[Records from a collection]

☆ ☆ ☆ ☆

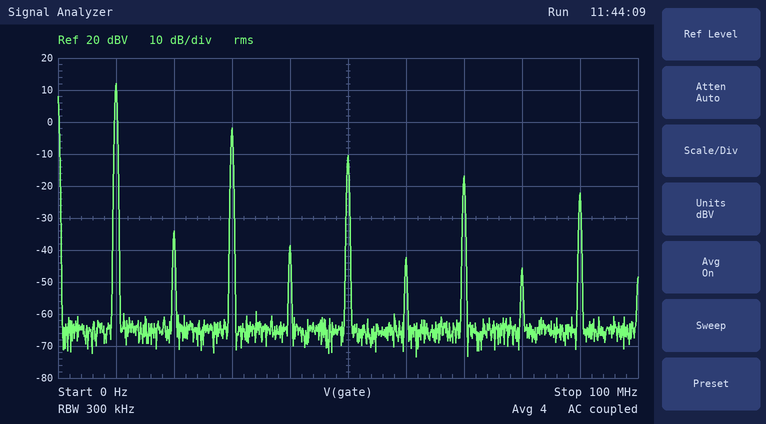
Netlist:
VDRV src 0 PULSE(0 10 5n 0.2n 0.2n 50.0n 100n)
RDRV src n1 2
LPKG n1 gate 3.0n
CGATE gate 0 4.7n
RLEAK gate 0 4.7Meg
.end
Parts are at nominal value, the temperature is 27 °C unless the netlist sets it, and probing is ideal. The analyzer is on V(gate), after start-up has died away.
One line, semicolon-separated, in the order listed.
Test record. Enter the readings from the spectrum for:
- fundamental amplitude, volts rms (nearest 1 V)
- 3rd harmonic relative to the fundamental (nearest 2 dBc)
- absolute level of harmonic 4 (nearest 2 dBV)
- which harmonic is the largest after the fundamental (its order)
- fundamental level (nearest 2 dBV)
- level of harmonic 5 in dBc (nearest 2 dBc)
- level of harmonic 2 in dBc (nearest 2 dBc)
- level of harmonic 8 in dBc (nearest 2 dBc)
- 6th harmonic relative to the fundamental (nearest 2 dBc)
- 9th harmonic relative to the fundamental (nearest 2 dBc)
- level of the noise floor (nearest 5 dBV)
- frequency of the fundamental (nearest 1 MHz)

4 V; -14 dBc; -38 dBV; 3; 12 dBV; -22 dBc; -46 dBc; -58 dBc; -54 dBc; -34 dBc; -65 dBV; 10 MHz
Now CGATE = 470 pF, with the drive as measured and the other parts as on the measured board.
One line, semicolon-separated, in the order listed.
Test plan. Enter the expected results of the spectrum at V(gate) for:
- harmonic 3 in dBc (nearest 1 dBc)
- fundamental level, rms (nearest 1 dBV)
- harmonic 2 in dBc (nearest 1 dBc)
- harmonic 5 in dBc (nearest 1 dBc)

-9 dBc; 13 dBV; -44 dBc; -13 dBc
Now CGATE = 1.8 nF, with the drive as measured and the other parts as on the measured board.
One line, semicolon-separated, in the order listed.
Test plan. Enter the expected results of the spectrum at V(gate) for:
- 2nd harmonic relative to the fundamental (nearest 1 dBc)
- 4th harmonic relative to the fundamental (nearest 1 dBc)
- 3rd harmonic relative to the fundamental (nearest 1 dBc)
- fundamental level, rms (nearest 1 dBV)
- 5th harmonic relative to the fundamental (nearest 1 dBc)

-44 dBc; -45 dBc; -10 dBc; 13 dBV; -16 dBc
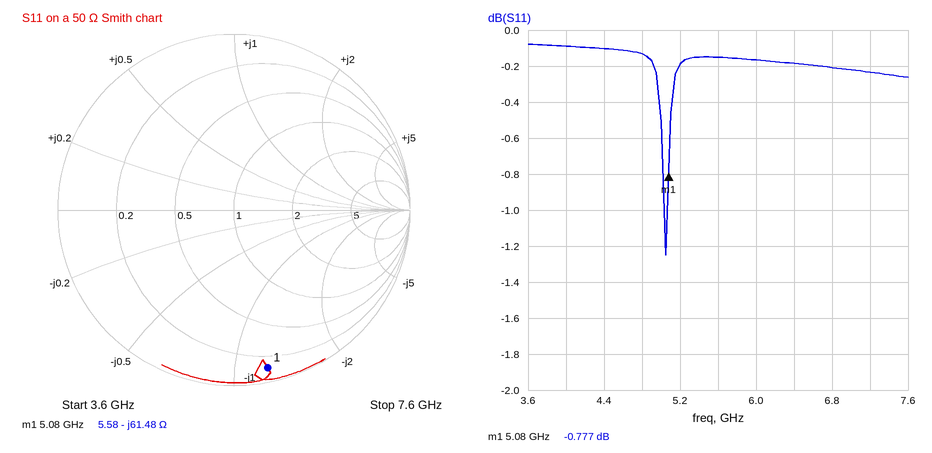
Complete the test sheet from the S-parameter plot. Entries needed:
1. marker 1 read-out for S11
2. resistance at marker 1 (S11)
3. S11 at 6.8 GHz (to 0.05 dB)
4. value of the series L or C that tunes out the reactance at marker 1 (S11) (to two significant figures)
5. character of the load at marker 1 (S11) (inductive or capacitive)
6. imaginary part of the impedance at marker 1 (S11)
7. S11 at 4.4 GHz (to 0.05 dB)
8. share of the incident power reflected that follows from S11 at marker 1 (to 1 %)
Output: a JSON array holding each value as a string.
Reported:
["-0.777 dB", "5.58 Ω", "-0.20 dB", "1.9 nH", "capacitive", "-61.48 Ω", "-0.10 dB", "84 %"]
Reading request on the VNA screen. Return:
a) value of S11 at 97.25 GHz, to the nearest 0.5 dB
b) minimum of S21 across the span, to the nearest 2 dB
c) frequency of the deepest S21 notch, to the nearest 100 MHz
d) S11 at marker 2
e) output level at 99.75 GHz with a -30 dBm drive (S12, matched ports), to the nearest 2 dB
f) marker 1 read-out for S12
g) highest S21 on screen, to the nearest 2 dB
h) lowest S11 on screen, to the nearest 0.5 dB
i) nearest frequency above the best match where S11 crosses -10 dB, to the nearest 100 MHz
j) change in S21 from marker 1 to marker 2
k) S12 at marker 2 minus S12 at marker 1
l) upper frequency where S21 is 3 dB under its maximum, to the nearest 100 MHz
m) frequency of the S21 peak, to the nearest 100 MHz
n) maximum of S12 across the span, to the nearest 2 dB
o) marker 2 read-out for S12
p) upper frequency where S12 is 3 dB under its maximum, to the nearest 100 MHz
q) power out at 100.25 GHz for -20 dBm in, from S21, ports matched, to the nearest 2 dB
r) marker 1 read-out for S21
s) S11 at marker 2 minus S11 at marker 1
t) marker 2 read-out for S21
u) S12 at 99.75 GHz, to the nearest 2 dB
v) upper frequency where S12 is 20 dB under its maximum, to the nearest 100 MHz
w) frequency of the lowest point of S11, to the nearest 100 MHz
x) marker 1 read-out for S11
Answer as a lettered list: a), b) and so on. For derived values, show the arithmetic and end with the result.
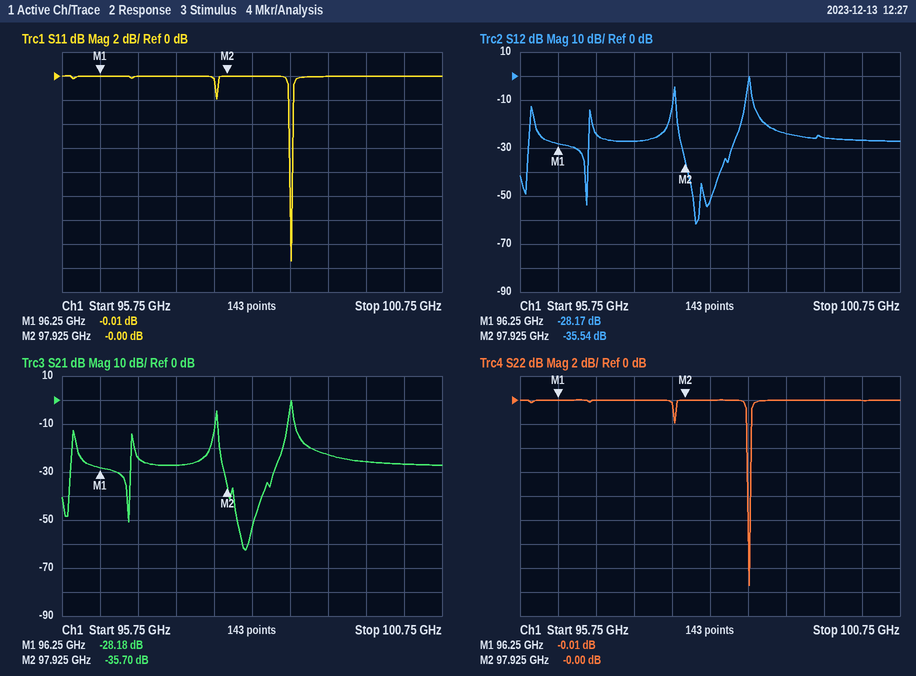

☆ ☆ ☆ ☆

**Work request**
Copy each line above precisely, dropping the pictures.

**The answer**
Netlist:
VDRV src 0 PULSE(0 10 5n 0.2n 0.2n 50.0n 100n)
RDRV src n1 2
LPKG n1 gate 3.0n
CGATE gate 0 4.7n
RLEAK gate 0 4.7Meg
.end
Parts are at nominal value, the temperature is 27 °C unless the netlist sets it, and probing is ideal. The analyzer is on V(gate), after start-up has died away.
One line, semicolon-separated, in the order listed.
Test record. Enter the readings from the spectrum for:
- fundamental amplitude, volts rms (nearest 1 V)
- 3rd harmonic relative to the fundamental (nearest 2 dBc)
- absolute level of harmonic 4 (nearest 2 dBV)
- which harmonic is the largest after the fundamental (its order)
- fundamental level (nearest 2 dBV)
- level of harmonic 5 in dBc (nearest 2 dBc)
- level of harmonic 2 in dBc (nearest 2 dBc)
- level of harmonic 8 in dBc (nearest 2 dBc)
- 6th harmonic relative to the fundamental (nearest 2 dBc)
- 9th harmonic relative to the fundamental (nearest 2 dBc)
- level of the noise floor (nearest 5 dBV)
- frequency of the fundamental (nearest 1 MHz)

4 V; -14 dBc; -38 dBV; 3; 12 dBV; -22 dBc; -46 dBc; -58 dBc; -54 dBc; -34 dBc; -65 dBV; 10 MHz
Now CGATE = 470 pF, with the drive as measured and the other parts as on the measured board.
One line, semicolon-separated, in the order listed.
Test plan. Enter the expected results of the spectrum at V(gate) for:
- harmonic 3 in dBc (nearest 1 dBc)
- fundamental level, rms (nearest 1 dBV)
- harmonic 2 in dBc (nearest 1 dBc)
- harmonic 5 in dBc (nearest 1 dBc)

-9 dBc; 13 dBV; -44 dBc; -13 dBc
Now CGATE = 1.8 nF, with the drive as measured and the other parts as on the measured board.
One line, semicolon-separated, in the order listed.
Test plan. Enter the expected results of the spectrum at V(gate) for:
- 2nd harmonic relative to the fundamental (nearest 1 dBc)
- 4th harmonic relative to the fundamental (nearest 1 dBc)
- 3rd harmonic relative to the fundamental (nearest 1 dBc)
- fundamental level, rms (nearest 1 dBV)
- 5th harmonic relative to the fundamental (nearest 1 dBc)

-44 dBc; -45 dBc; -10 dBc; 13 dBV; -16 dBc
Complete the test sheet from the S-parameter plot. Entries needed:
1. marker 1 read-out for S11
2. resistance at marker 1 (S11)
3. S11 at 6.8 GHz (to 0.05 dB)
4. value of the series L or C that tunes out the reactance at marker 1 (S11) (to two significant figures)
5. character of the load at marker 1 (S11) (inductive or capacitive)
6. imaginary part of the impedance at marker 1 (S11)
7. S11 at 4.4 GHz (to 0.05 dB)
8. share of the incident power reflected that follows from S11 at marker 1 (to 1 %)
Output: a JSON array holding each value as a string.
Reported:
["-0.777 dB", "5.58 Ω", "-0.20 dB", "1.9 nH", "capacitive", "-61.48 Ω", "-0.10 dB", "84 %"]
Reading request on the VNA screen. Return:
a) value of S11 at 97.25 GHz, to the nearest 0.5 dB
b) minimum of S21 across the span, to the nearest 2 dB
c) frequency of the deepest S21 notch, to the nearest 100 MHz
d) S11 at marker 2
e) output level at 99.75 GHz with a -30 dBm drive (S12, matched ports), to the nearest 2 dB
f) marker 1 read-out for S12
g) highest S21 on screen, to the nearest 2 dB
h) lowest S11 on screen, to the nearest 0.5 dB
i) nearest frequency above the best match where S11 crosses -10 dB, to the nearest 100 MHz
j) change in S21 from marker 1 to marker 2
k) S12 at marker 2 minus S12 at marker 1
l) upper frequency where S21 is 3 dB under its maximum, to the nearest 100 MHz
m) frequency of the S21 peak, to the nearest 100 MHz
n) maximum of S12 across the span, to the nearest 2 dB
o) marker 2 read-out for S12
p) upper frequency where S12 is 3 dB under its maximum, to the nearest 100 MHz
q) power out at 100.25 GHz for -20 dBm in, from S21, ports matched, to the nearest 2 dB
r) marker 1 read-out for S21
s) S11 at marker 2 minus S11 at marker 1
t) marker 2 read-out for S21
u) S12 at 99.75 GHz, to the nearest 2 dB
v) upper frequency where S12 is 20 dB under its maximum, to the nearest 100 MHz
w) frequency of the lowest point of S11, to the nearest 100 MHz
x) marker 1 read-out for S11
Answer as a lettered list: a), b) and so on. For derived values, show the arithmetic and end with the result.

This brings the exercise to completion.